= William N. Kinnard =

American economist and academic (1926–2001)

William N. Kinnard, Jr. (September 12, 1926 ⁠–⁠ April 6, 2001) was an American economist and real estate investor. He was one of America's leading real estate educators, authors, and experts in the field of appraisal.

== Early life and education ==

Kinnard received a bachelor's degree with honors in economics from Swarthmore College, a Master of Business Administration (M.B.A.) in finance from the Wharton School and, later, earned a Ph.D. in economics from the University of Pennsylvania. He taught at Wesleyan University before becoming director of Urban Redevelopment for the City of Middletown.

== Career ==

Kinnard was an emeritus professor of finance and real estate at the University of Connecticut. He joined the faculty there in 1955, eventually chairing the Finance Department and serving as Associate Dean and Acting Dean before retiring in 1981. He was also the Director of the Institute of Urban Research and the Founding Director of the Center for Real Estate and Urban Economics. A real estate scholarship and a Professorship in Real Estate and Finance are sponsored at UConn in his name. He also taught as a visiting professor at the University of Florida, UCLA, and Brown.

Kinnard was a president of the American Real Estate and Urban Economics Association and the founder of the Real Estate Counseling Group of America. The Appraisal Institute annually gives the Kinnard Award in his honor to the leading real estate appraisal educator in the U.S. After his death, the American Real Estate Society and the Appraisal Institute co-published the text Essays in Honor of William N. Kinnard, Jr. as a memorial. Contributing editors and authors constitute a cross-section of the leading real estate appraisal experts in the world.

He was widely regarded as one of the leading authors, lecturers, and experts on the topic of real estate valuation. His text, Income Property Valuation, published in 1971, is still considered a classic in the field. Altogether, he authored or co-authored thirty-five texts and manuals and innumerable refereed journal articles, manuscripts, and essays starting in 1956 and continuing actively until his death in 2001.

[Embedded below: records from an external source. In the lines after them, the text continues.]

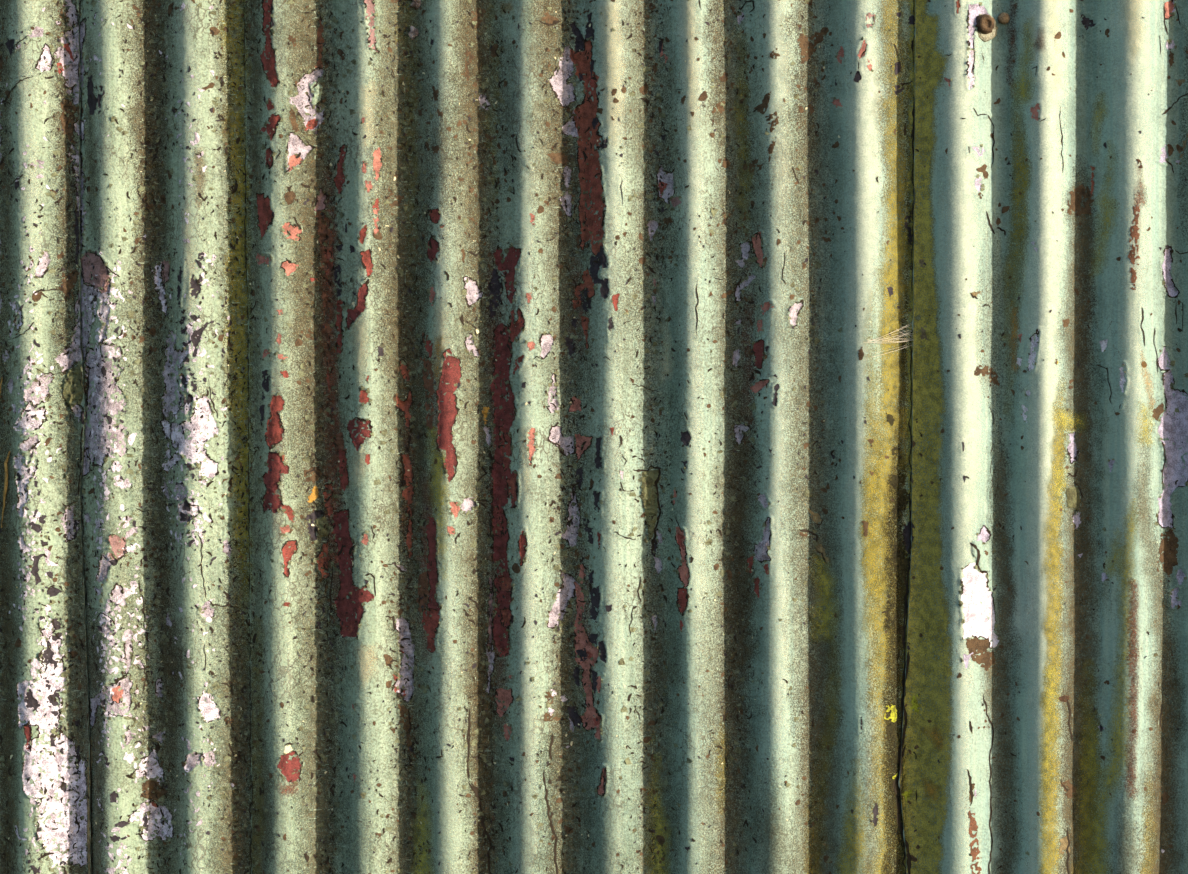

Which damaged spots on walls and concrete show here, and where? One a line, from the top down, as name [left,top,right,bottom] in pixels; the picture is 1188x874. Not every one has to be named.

corrosion [257,194,302,241]
peeling [237,72,442,371]
corrosion [569,40,605,255]
peeling [0,0,392,874]
corrosion [262,333,297,577]
corrosion [307,145,382,652]
peeling [351,380,461,493]
corrosion [396,332,461,652]
corrosion [482,247,536,742]
peeling [958,563,1000,668]
peeling [976,527,1001,561]
peeling [1154,347,1188,530]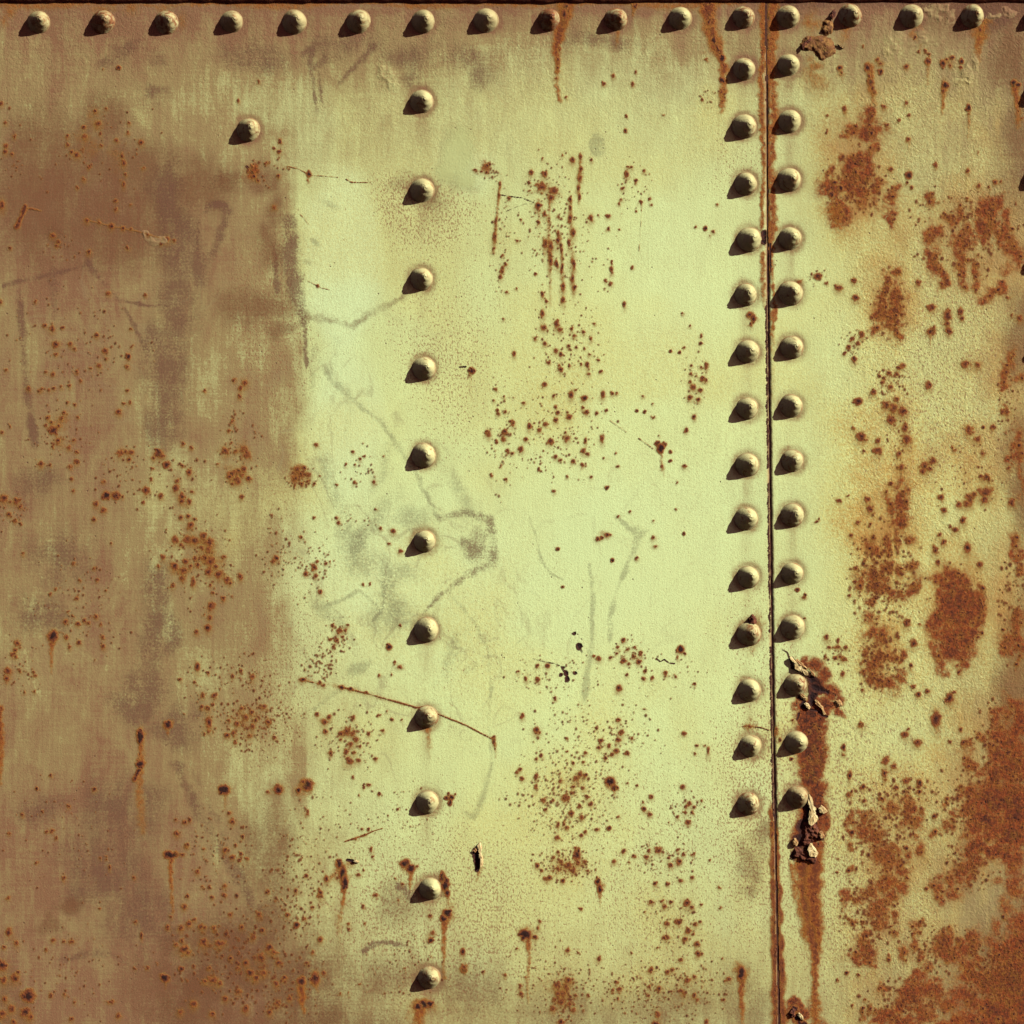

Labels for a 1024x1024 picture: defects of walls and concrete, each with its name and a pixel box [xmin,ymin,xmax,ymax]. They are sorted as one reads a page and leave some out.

rust [618,2,742,113]
rust [757,2,780,337]
rust [817,57,1024,305]
rust [473,149,653,492]
rust [92,410,263,634]
rust [132,623,437,1024]
peeling [472,842,483,875]
rust [499,634,708,898]
rust [499,784,746,1024]
spalling [770,646,843,817]
peeling [791,794,828,864]
rust [768,352,1024,1024]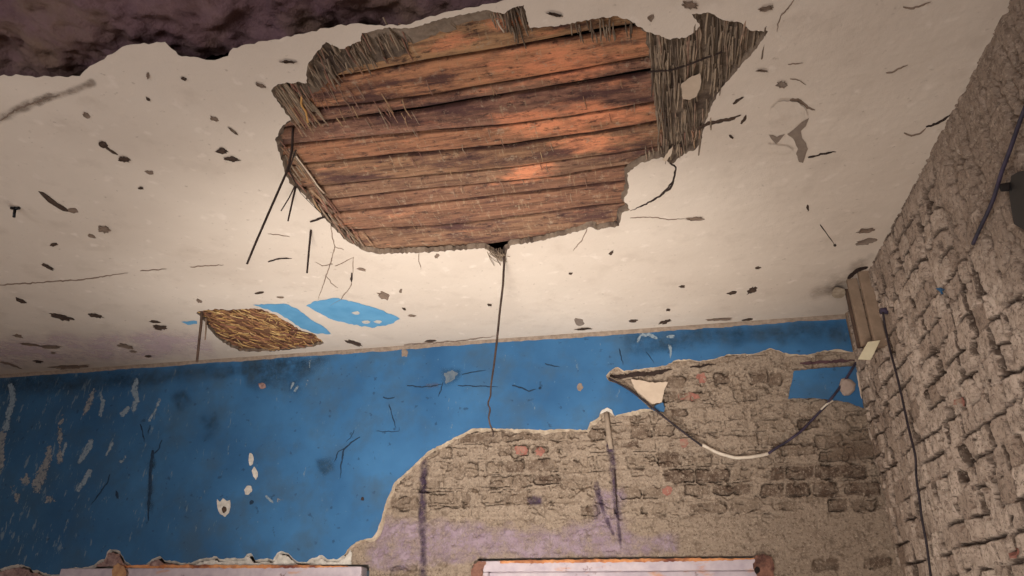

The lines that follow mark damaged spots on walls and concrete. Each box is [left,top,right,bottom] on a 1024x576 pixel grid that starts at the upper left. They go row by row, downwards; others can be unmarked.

spalling [0,0,768,266]
crack [904,115,950,137]
crack [631,162,677,220]
crack [310,217,354,304]
peeling [14,415,64,504]
crack [334,370,535,478]
flaking render [146,348,901,576]
flaking render [0,549,131,576]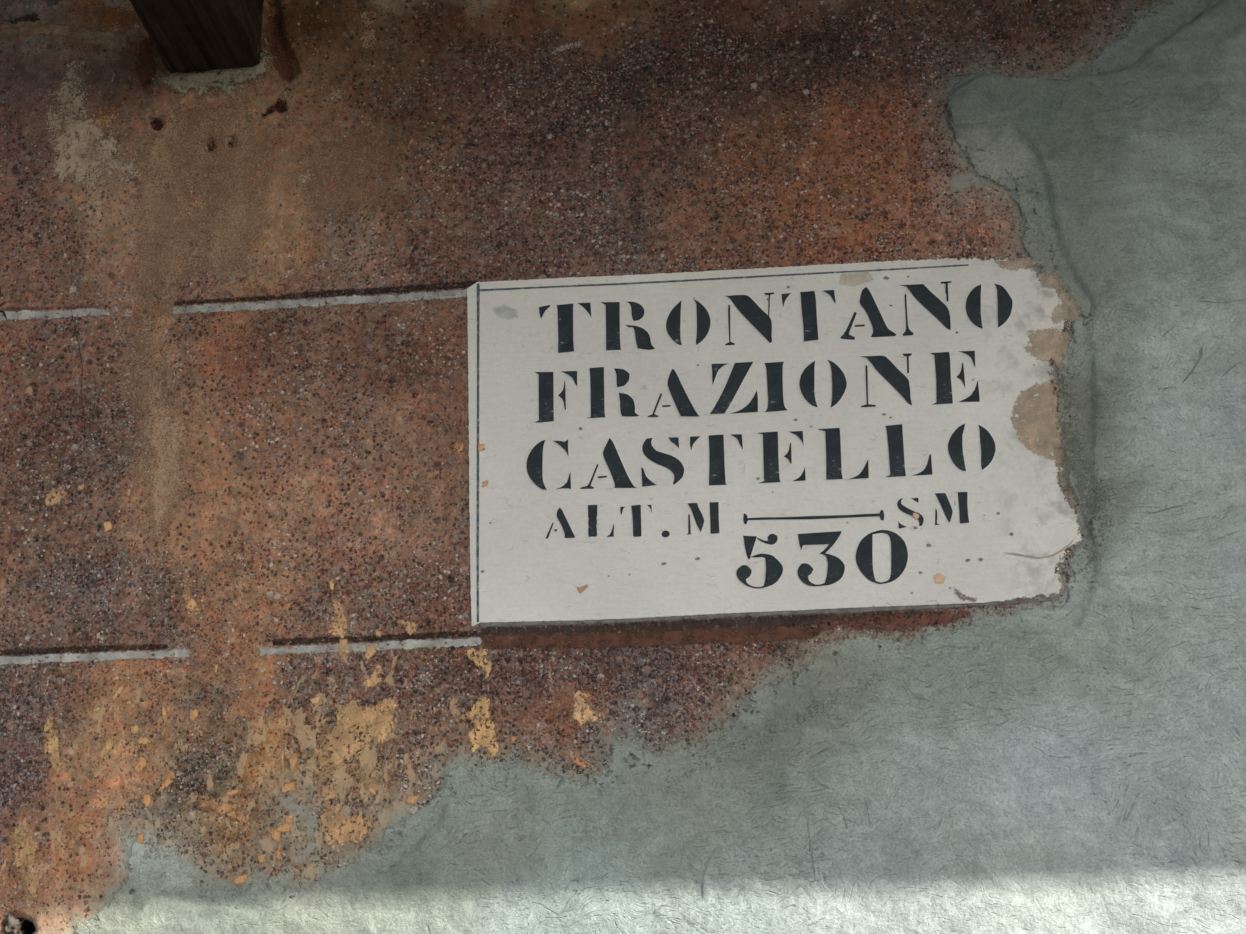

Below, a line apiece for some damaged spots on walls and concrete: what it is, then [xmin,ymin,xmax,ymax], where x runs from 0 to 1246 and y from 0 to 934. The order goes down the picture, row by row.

spalling [994,255,1083,371]
spalling [1010,382,1063,461]
peeling [328,580,349,662]
peeling [397,620,417,635]
peeling [363,631,383,687]
peeling [465,648,492,679]
peeling [313,698,398,772]
peeling [462,696,517,756]
peeling [572,691,602,725]
peeling [143,770,175,807]
peeling [196,789,249,823]
peeling [318,787,372,846]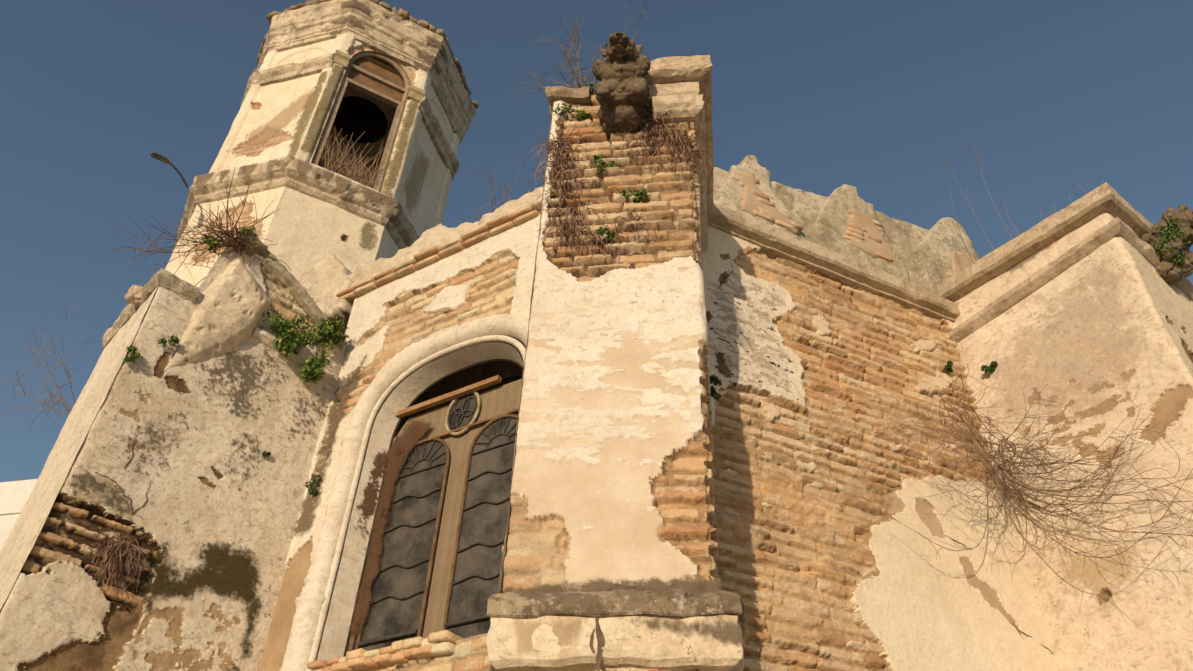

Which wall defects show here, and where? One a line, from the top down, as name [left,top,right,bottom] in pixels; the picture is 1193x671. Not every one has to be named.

flaking render [232,128,294,157]
flaking render [191,200,266,266]
flaking render [154,351,191,395]
flaking render [312,249,520,475]
flaking render [502,91,1001,671]
flaking render [1164,314,1193,363]
flaking render [1023,369,1136,469]
flaking render [1138,384,1193,445]
flaking render [17,473,241,671]
flaking render [357,633,491,671]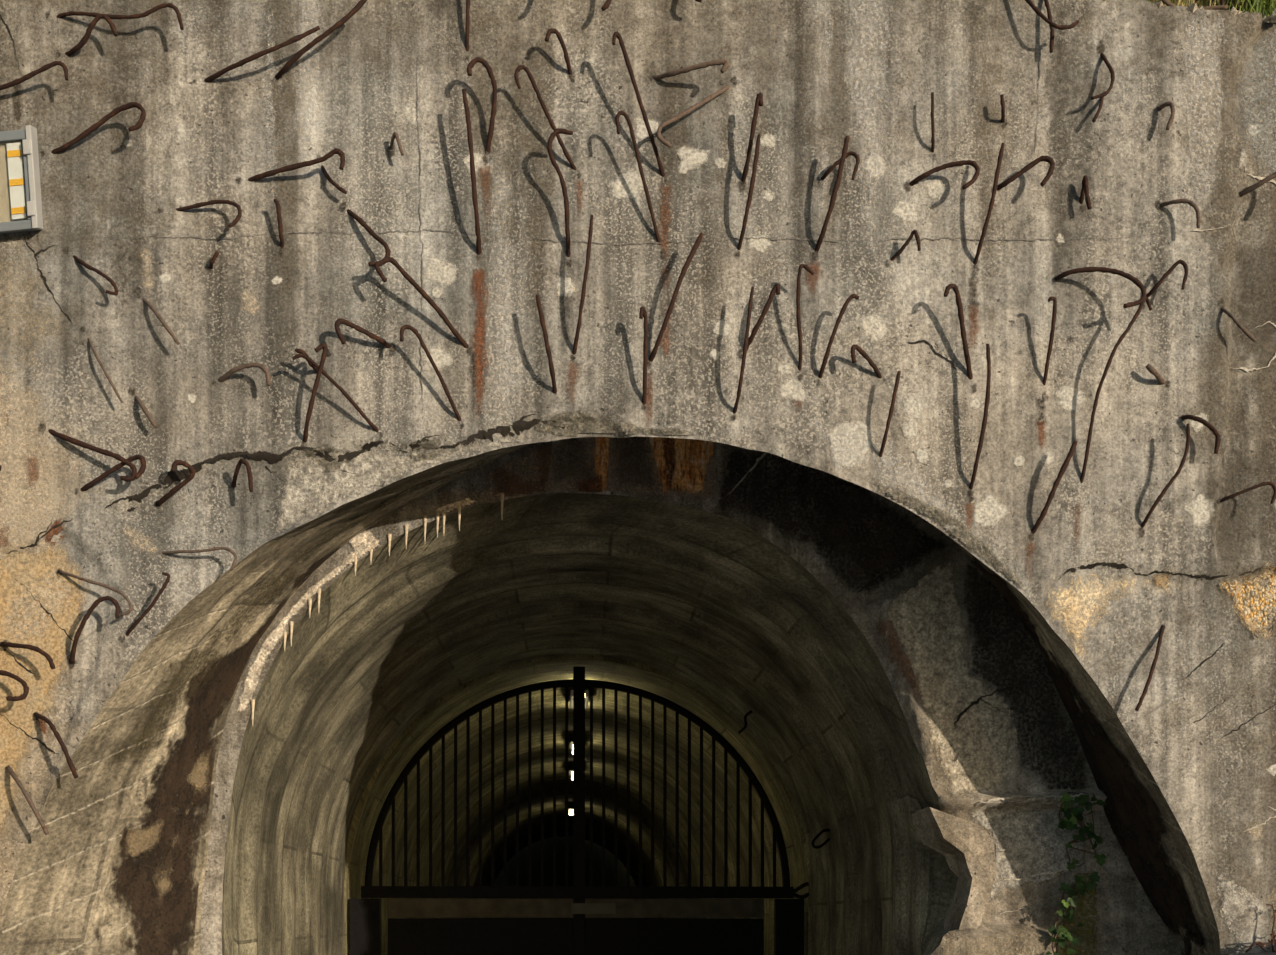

Kinnard was awarded professional designations from the Society of Real Estate Appraisers, the American Institute of Real Estate Appraisers, the American Society of Appraisers, the Institute of Property Taxation, the American Institute of Corporate Asset Management, and the National Association of Realtors. He was inducted into Beta Gamma Sigma, Pi Gamma Mu, and Phi Kappa Phi honor societies. He was awarded the Armstrong/Kahn Award from the Appraisal Journal in 1999 and the James A. Graaskamp Award from the American Real Estate Society in 1995, among numerous other honors. He was a Fellow of the Homer Hoyt Institute.